WHAT IS BEING ASKED: The reply should contain each record below, returned exactly as given.

:::

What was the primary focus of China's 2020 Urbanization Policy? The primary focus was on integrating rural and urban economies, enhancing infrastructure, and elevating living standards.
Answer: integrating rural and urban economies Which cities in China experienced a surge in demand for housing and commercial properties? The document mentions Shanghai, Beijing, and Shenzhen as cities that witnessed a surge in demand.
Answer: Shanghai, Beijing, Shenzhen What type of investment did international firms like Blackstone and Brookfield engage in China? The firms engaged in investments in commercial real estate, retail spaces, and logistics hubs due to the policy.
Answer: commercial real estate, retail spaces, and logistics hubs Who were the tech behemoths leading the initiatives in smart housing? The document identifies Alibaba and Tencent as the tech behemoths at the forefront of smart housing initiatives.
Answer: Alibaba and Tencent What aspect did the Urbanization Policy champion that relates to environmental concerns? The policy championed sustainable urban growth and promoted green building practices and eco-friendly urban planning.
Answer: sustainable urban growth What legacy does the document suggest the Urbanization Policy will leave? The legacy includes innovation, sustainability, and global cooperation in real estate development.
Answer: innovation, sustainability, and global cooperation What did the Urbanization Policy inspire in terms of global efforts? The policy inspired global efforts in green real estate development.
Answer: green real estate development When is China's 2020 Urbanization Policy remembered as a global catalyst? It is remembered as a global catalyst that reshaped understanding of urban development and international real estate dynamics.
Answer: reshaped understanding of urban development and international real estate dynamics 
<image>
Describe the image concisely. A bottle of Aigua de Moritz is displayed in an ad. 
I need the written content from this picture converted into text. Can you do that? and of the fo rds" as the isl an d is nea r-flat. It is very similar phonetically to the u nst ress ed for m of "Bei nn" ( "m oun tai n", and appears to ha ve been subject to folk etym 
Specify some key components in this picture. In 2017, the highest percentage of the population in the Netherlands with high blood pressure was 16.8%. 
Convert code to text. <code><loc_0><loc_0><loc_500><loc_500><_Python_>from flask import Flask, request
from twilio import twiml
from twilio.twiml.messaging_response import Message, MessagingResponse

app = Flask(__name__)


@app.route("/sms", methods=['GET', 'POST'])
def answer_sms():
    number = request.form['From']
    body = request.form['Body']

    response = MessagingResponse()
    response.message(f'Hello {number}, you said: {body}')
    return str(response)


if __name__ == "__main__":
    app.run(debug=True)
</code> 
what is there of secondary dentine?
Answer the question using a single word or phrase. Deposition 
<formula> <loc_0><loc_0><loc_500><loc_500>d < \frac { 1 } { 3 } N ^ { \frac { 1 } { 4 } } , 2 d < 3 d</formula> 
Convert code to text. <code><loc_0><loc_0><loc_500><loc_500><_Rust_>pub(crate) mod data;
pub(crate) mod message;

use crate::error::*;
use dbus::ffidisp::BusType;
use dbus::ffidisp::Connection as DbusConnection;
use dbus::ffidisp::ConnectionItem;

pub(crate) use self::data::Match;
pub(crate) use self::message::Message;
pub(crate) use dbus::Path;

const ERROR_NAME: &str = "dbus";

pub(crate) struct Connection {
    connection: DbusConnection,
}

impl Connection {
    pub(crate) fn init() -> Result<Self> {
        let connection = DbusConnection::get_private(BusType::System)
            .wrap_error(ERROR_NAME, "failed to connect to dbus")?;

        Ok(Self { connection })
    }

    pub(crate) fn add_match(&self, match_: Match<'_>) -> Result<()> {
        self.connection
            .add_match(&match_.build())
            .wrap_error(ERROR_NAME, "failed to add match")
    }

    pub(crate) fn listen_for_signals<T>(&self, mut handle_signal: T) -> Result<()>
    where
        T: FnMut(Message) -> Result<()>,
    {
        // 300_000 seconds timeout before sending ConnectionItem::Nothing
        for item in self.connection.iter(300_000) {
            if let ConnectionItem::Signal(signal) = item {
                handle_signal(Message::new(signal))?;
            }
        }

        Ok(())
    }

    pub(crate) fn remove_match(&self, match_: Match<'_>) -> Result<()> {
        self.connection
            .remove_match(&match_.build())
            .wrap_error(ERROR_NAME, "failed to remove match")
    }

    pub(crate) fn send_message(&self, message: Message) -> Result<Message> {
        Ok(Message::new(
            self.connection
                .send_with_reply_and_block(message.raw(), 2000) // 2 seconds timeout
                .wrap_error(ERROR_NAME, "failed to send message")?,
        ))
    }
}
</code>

:::

SOLUTION:
What was the primary focus of China's 2020 Urbanization Policy? The primary focus was on integrating rural and urban economies, enhancing infrastructure, and elevating living standards.
Answer: integrating rural and urban economies Which cities in China experienced a surge in demand for housing and commercial properties? The document mentions Shanghai, Beijing, and Shenzhen as cities that witnessed a surge in demand.
Answer: Shanghai, Beijing, Shenzhen What type of investment did international firms like Blackstone and Brookfield engage in China? The firms engaged in investments in commercial real estate, retail spaces, and logistics hubs due to the policy.
Answer: commercial real estate, retail spaces, and logistics hubs Who were the tech behemoths leading the initiatives in smart housing? The document identifies Alibaba and Tencent as the tech behemoths at the forefront of smart housing initiatives.
Answer: Alibaba and Tencent What aspect did the Urbanization Policy champion that relates to environmental concerns? The policy championed sustainable urban growth and promoted green building practices and eco-friendly urban planning.
Answer: sustainable urban growth What legacy does the document suggest the Urbanization Policy will leave? The legacy includes innovation, sustainability, and global cooperation in real estate development.
Answer: innovation, sustainability, and global cooperation What did the Urbanization Policy inspire in terms of global efforts? The policy inspired global efforts in green real estate development.
Answer: green real estate development When is China's 2020 Urbanization Policy remembered as a global catalyst? It is remembered as a global catalyst that reshaped understanding of urban development and international real estate dynamics.
Answer: reshaped understanding of urban development and international real estate dynamics 
<image>
Describe the image concisely. A bottle of Aigua de Moritz is displayed in an ad. 
I need the written content from this picture converted into text. Can you do that? and of the fo rds" as the isl an d is nea r-flat. It is very similar phonetically to the u nst ress ed for m of "Bei nn" ( "m oun tai n", and appears to ha ve been subject to folk etym 
Specify some key components in this picture. In 2017, the highest percentage of the population in the Netherlands with high blood pressure was 16.8%. 
Convert code to text. <code><loc_0><loc_0><loc_500><loc_500><_Python_>from flask import Flask, request
from twilio import twiml
from twilio.twiml.messaging_response import Message, MessagingResponse

app = Flask(__name__)


@app.route("/sms", methods=['GET', 'POST'])
def answer_sms():
    number = request.form['From']
    body = request.form['Body']

    response = MessagingResponse()
    response.message(f'Hello {number}, you said: {body}')
    return str(response)


if __name__ == "__main__":
    app.run(debug=True)
</code> 
what is there of secondary dentine?
Answer the question using a single word or phrase. Deposition 
<formula> <loc_0><loc_0><loc_500><loc_500>d < \frac { 1 } { 3 } N ^ { \frac { 1 } { 4 } } , 2 d < 3 d</formula> 
Convert code to text. <code><loc_0><loc_0><loc_500><loc_500><_Rust_>pub(crate) mod data;
pub(crate) mod message;

use crate::error::*;
use dbus::ffidisp::BusType;
use dbus::ffidisp::Connection as DbusConnection;
use dbus::ffidisp::ConnectionItem;

pub(crate) use self::data::Match;
pub(crate) use self::message::Message;
pub(crate) use dbus::Path;

const ERROR_NAME: &str = "dbus";

pub(crate) struct Connection {
    connection: DbusConnection,
}

impl Connection {
    pub(crate) fn init() -> Result<Self> {
        let connection = DbusConnection::get_private(BusType::System)
            .wrap_error(ERROR_NAME, "failed to connect to dbus")?;

        Ok(Self { connection })
    }

    pub(crate) fn add_match(&self, match_: Match<'_>) -> Result<()> {
        self.connection
            .add_match(&match_.build())
            .wrap_error(ERROR_NAME, "failed to add match")
    }

    pub(crate) fn listen_for_signals<T>(&self, mut handle_signal: T) -> Result<()>
    where
        T: FnMut(Message) -> Result<()>,
    {
        // 300_000 seconds timeout before sending ConnectionItem::Nothing
        for item in self.connection.iter(300_000) {
            if let ConnectionItem::Signal(signal) = item {
                handle_signal(Message::new(signal))?;
            }
        }

        Ok(())
    }

    pub(crate) fn remove_match(&self, match_: Match<'_>) -> Result<()> {
        self.connection
            .remove_match(&match_.build())
            .wrap_error(ERROR_NAME, "failed to remove match")
    }

    pub(crate) fn send_message(&self, message: Message) -> Result<Message> {
        Ok(Message::new(
            self.connection
                .send_with_reply_and_block(message.raw(), 2000) // 2 seconds timeout
                .wrap_error(ERROR_NAME, "failed to send message")?,
        ))
    }
}
</code>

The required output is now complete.